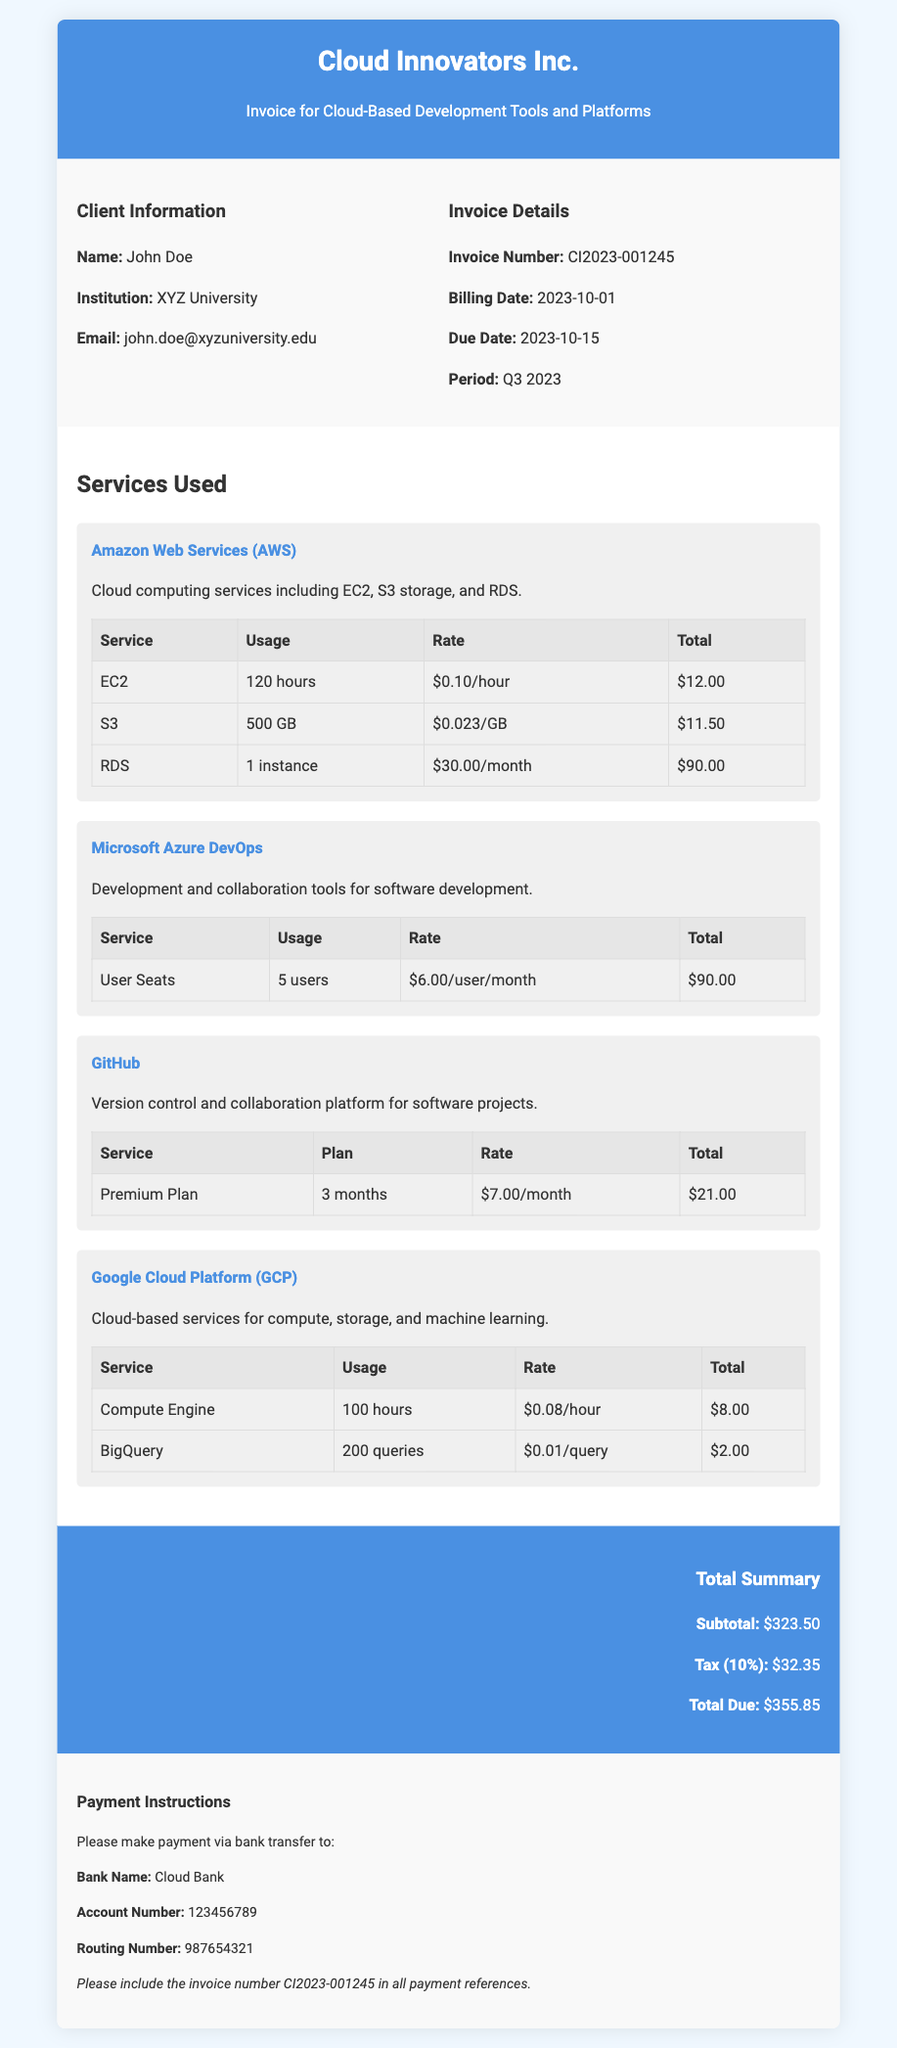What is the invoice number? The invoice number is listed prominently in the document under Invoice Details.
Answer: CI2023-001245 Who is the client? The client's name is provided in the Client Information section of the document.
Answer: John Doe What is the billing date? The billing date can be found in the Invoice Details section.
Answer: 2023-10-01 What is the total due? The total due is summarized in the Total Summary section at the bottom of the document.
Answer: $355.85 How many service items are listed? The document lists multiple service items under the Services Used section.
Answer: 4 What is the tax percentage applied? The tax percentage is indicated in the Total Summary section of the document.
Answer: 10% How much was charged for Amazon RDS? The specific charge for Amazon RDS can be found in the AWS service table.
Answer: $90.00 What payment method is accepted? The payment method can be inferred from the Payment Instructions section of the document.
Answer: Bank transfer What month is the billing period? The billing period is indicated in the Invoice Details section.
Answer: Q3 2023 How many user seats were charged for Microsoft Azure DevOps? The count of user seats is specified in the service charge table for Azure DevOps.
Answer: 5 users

+ + + + + + +

_Task statement:_
Going back to the entries above, set down exactly the lines that begin at the one with "Answer: $90.00 What" and end at the one with "Answer: Bank transfer", both included, and nothing else.

_Completed exercise:_
Answer: $90.00 What payment method is accepted? The payment method can be inferred from the Payment Instructions section of the document.
Answer: Bank transfer What month is the billing period? The billing period is indicated in the Invoice Details section.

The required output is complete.